Detailed map of Little Missouri-Belle Fourche River drainage divide at Stoneville Flats

Figure 10: Detailed map of Little Missouri-Belle Fourche River drainage divide at Stoneville Flats. United States Geological Survey map digitally presented using National Geographic Society TOPO software.

Figure 10 provides a detailed map of the Little Missouri River-Belle Fourche River drainage divide at Stoneville Flats. Northwest-oriented Arkansas Creek at the north end of Stoneville Flats as shown in Figure 10 flows to the northeast-oriented Little Missouri River. The Belle Fourche River elbow of capture is located in the figure 10 south center. Note how flood waters from the southwest flowed northeast on the northeast-oriented Belle Fourche River segment and then flowed northwest along the Stoneville Flats through valley to reach the northeast-oriented Little Missouri River valley. Note also how flood waters carved a narrower valley linking the northeast-oriented Belle Fourche River segment with the southeast-oriented Belle Fourche River valley segment. The Belle Fourche River today flows to the northeast-oriented Cheyenne River. Evidence presented here is not adequate to explain why the southeast-oriented Belle Fourche River segment captured the northeast-oriented Belle Fourche River segment, although prior to the capture northeast-oriented flood waters coming from the northeast-oriented Belle Fourche River segment split, with most going northwest and the remainder going southeast. For reasons not apparent from evidence presented here the southeast route had an advantage and once flood flow ceased that southeast-oriented route survived.

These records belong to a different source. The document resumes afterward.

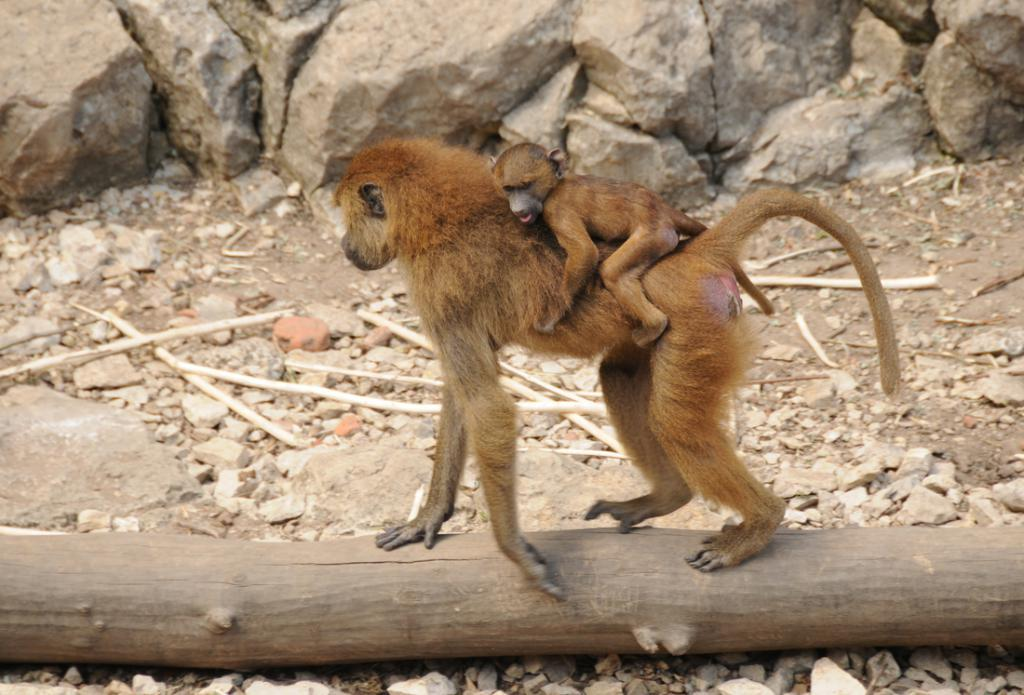What animal is the main subject of the image? There is a monkey in the image. What is the monkey doing in the image? The monkey is holding its baby. What surface is the monkey standing on? The monkey is standing on wood. What other objects can be seen in the image? There are stones and sticks in the image. What type of berry is the monkey eating in the image? There is no berry present in the image, and the monkey is not shown eating anything. 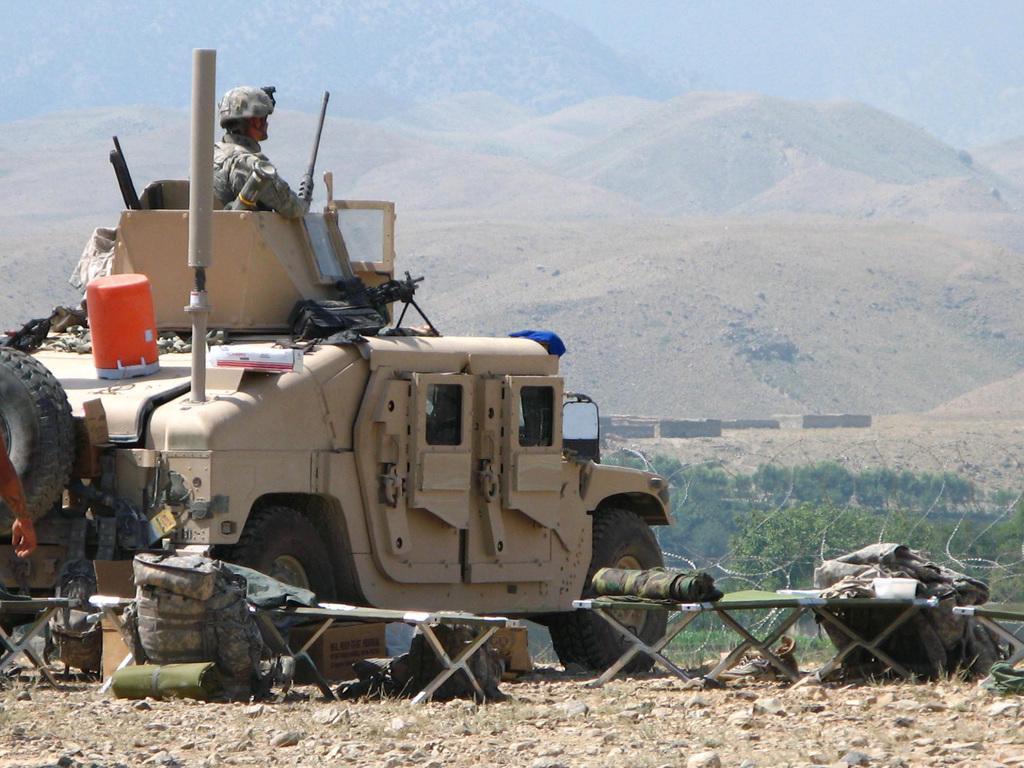Can you describe this image briefly? This is an outside view. On the left side there is a vehicle and there is one person on this vehicle. At the bottom there are few bags placed on the tables. There are many stones on the ground. In the background there are few hills. 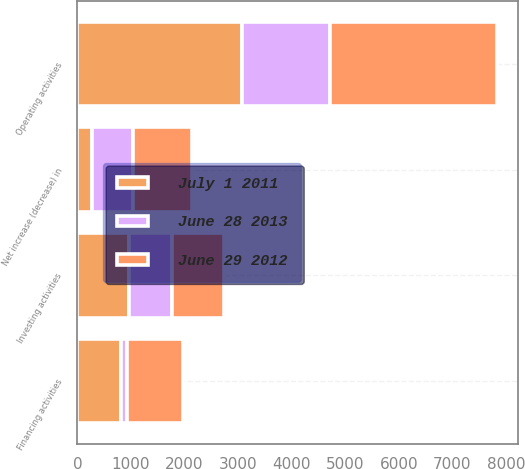Convert chart. <chart><loc_0><loc_0><loc_500><loc_500><stacked_bar_chart><ecel><fcel>Operating activities<fcel>Investing activities<fcel>Financing activities<fcel>Net increase (decrease) in<nl><fcel>June 29 2012<fcel>3119<fcel>970<fcel>1048<fcel>1101<nl><fcel>July 1 2011<fcel>3067<fcel>970<fcel>819<fcel>282<nl><fcel>June 28 2013<fcel>1655<fcel>793<fcel>106<fcel>756<nl></chart> 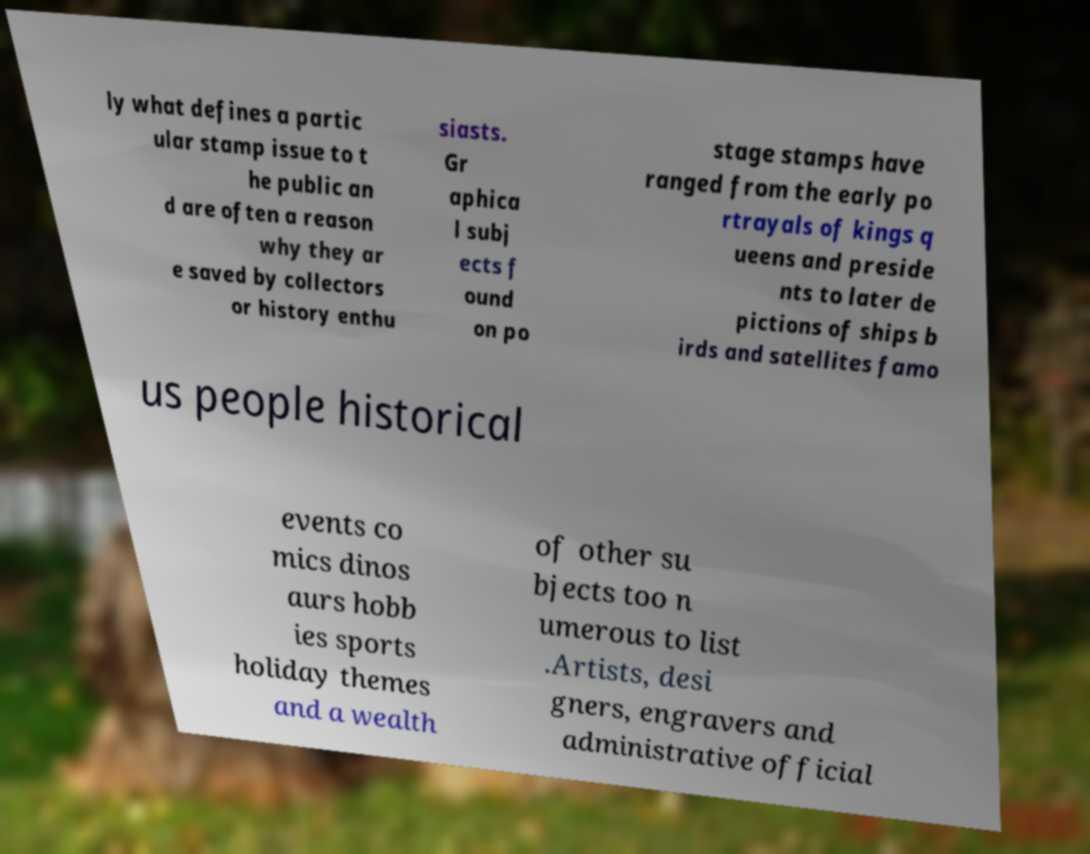Could you assist in decoding the text presented in this image and type it out clearly? ly what defines a partic ular stamp issue to t he public an d are often a reason why they ar e saved by collectors or history enthu siasts. Gr aphica l subj ects f ound on po stage stamps have ranged from the early po rtrayals of kings q ueens and preside nts to later de pictions of ships b irds and satellites famo us people historical events co mics dinos aurs hobb ies sports holiday themes and a wealth of other su bjects too n umerous to list .Artists, desi gners, engravers and administrative official 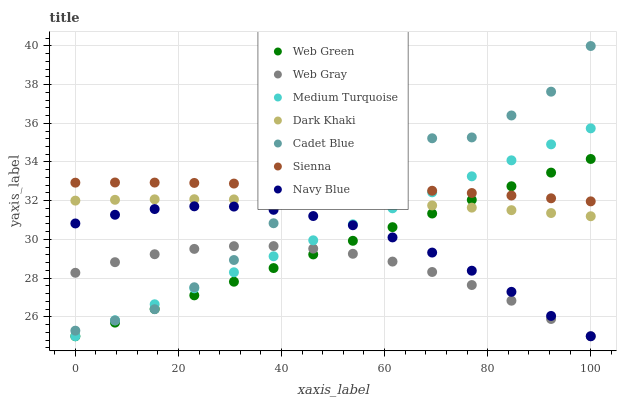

Additional information and sources of maps studied

This essay has provided only a sample of the detailed topographic map evidence supporting the flood erosion interpretation. Many additional illustrations could be provided. Readers are encouraged to look at mosaics of detailed topographic maps to see the abundance of available data. Maps used in this study were created and published by the United States Geologic Survey and can be obtained directly from the United States Geological Survey and/or from dealers offering United States Geological Survey maps. Hard copy maps can also be observed at United States Geological Survey map depositories which are located throughout the United States and elsewhere. Illustrations used here were created using National Geographic TOPO software and digital map data. TOPO software and map data can be obtained from the National Geographic Society and/or dealers offering National Geographic Society digital map data.